Any embedded application of integrated circuits seeks to minimize, simultaneously, four
factors:
- The number of transistors employed, which impacts die and package size, unit cost and
power consumption. Advances in process technology continuously reduce transistor area, but
both static and dynamic power consumption depend on the transistor count. The transistor
count remains an important metric of system efficiency.
- The number of clock cycles required, which impacts performance and power consumption.
Increasing clock frequencies associated with smaller process geometries permit more clock
cycles in a given time interval, but at the expense of increased power consumption. Fewer
clock cycles means less power consumption.
- The time taken to develop the application, which strongly influences its market acceptance.
A product that misses its market window is a total waste of development effort. In many
cases software development takes more time and costs more than hardware development.
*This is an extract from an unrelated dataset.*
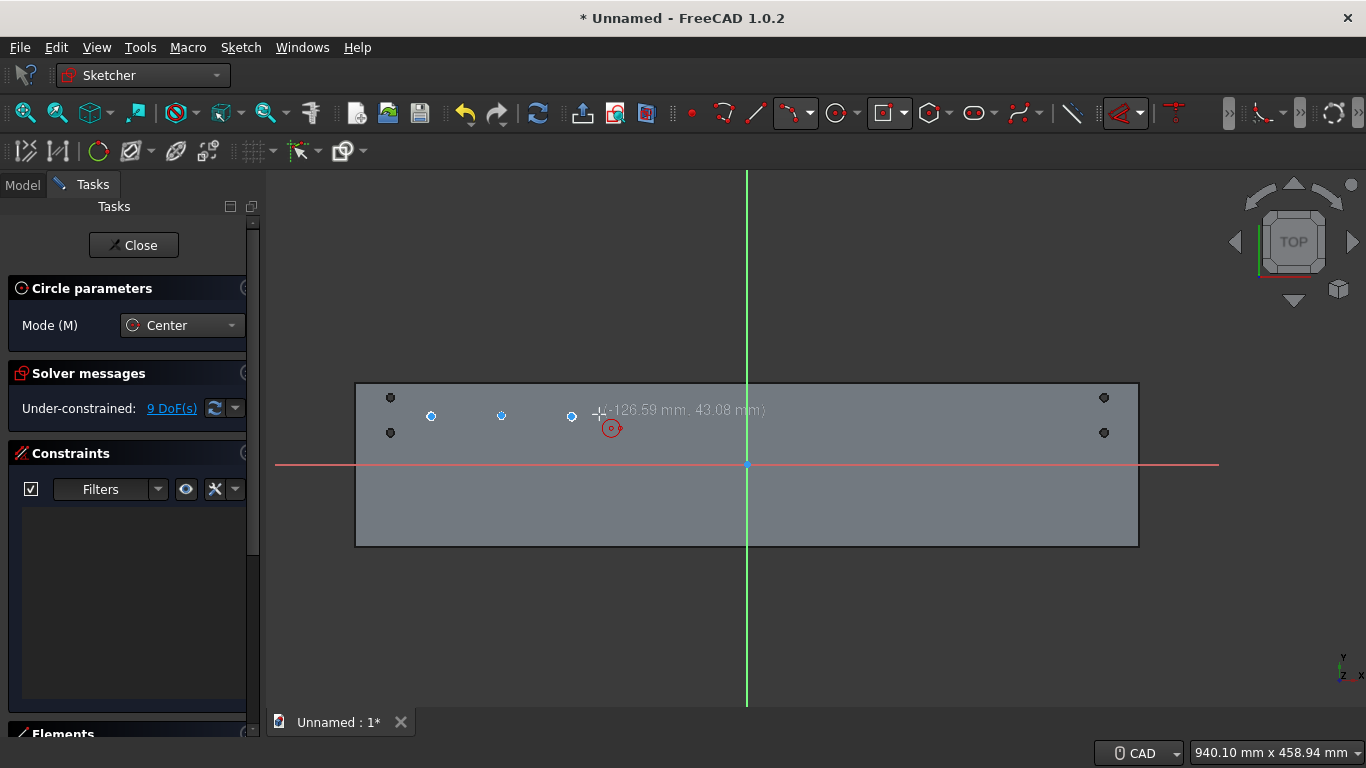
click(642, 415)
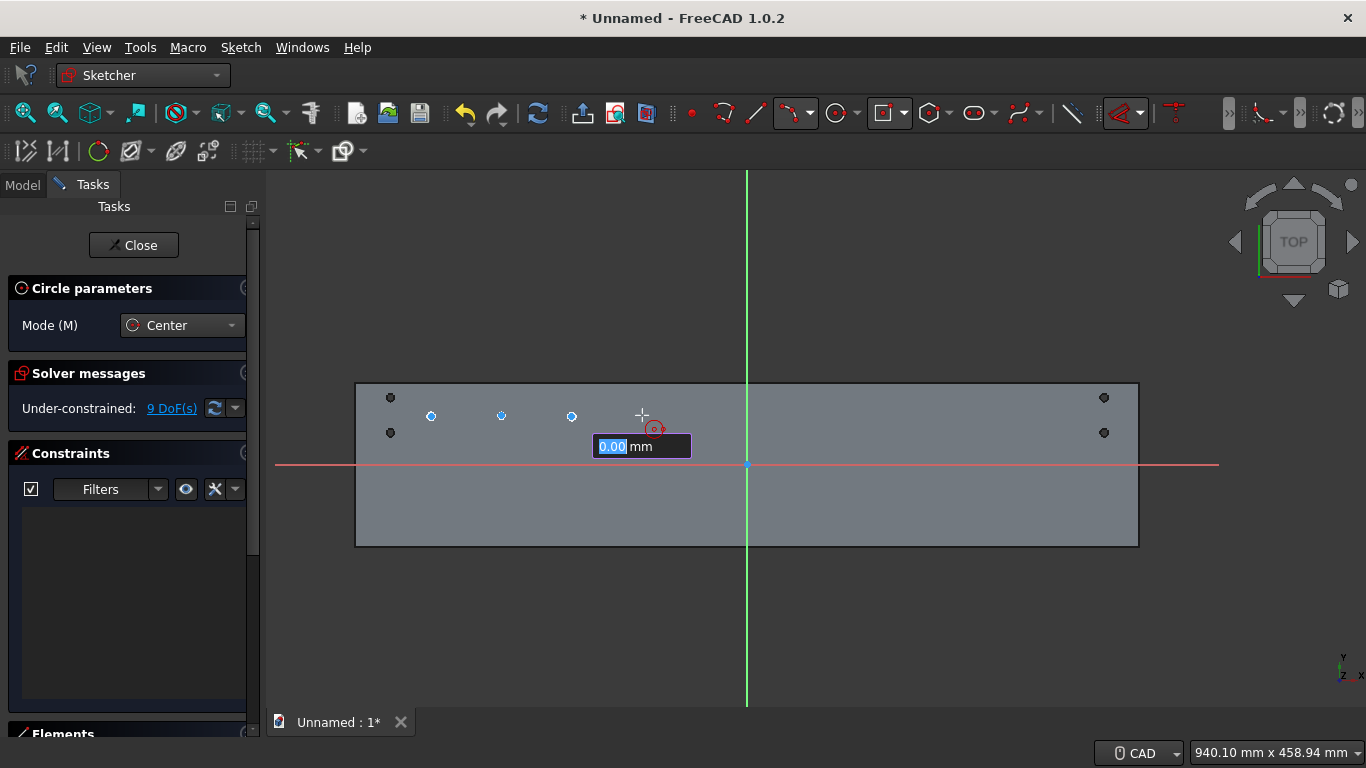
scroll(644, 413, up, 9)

- Nonrecurring engineering (NRE) costs such as mask manufacturing and the cost of
hardware and software development. The increased NRE costs associated with leading-edge
process technologies are putting these out of reach for many applications.
The four technologies represent different tradeoffs towards achieving the four optimizations.
The choice for any particular application is an engineering compromise. In most cases, the
choice depends on a complex combination of factors, and no single technology is ideal.
Different technology mixes are often most appropriate at different stages of the lifecycle of
the end-user product. During prototyping and production ramp-up an FPGA solution may be
preferable, in order to reduce development time and cost. When the product goes into high
volume, its functionality can be re-mapped into an ASIC that embeds the DSP core from the
standard product, and absorbs the logic from the FPGA, thereby optimizing die size, unit cost,
clock cycles and power consumption without the need to rewrite the software. The high NRE
costs associated with ASIC development are amortized over the high production volume.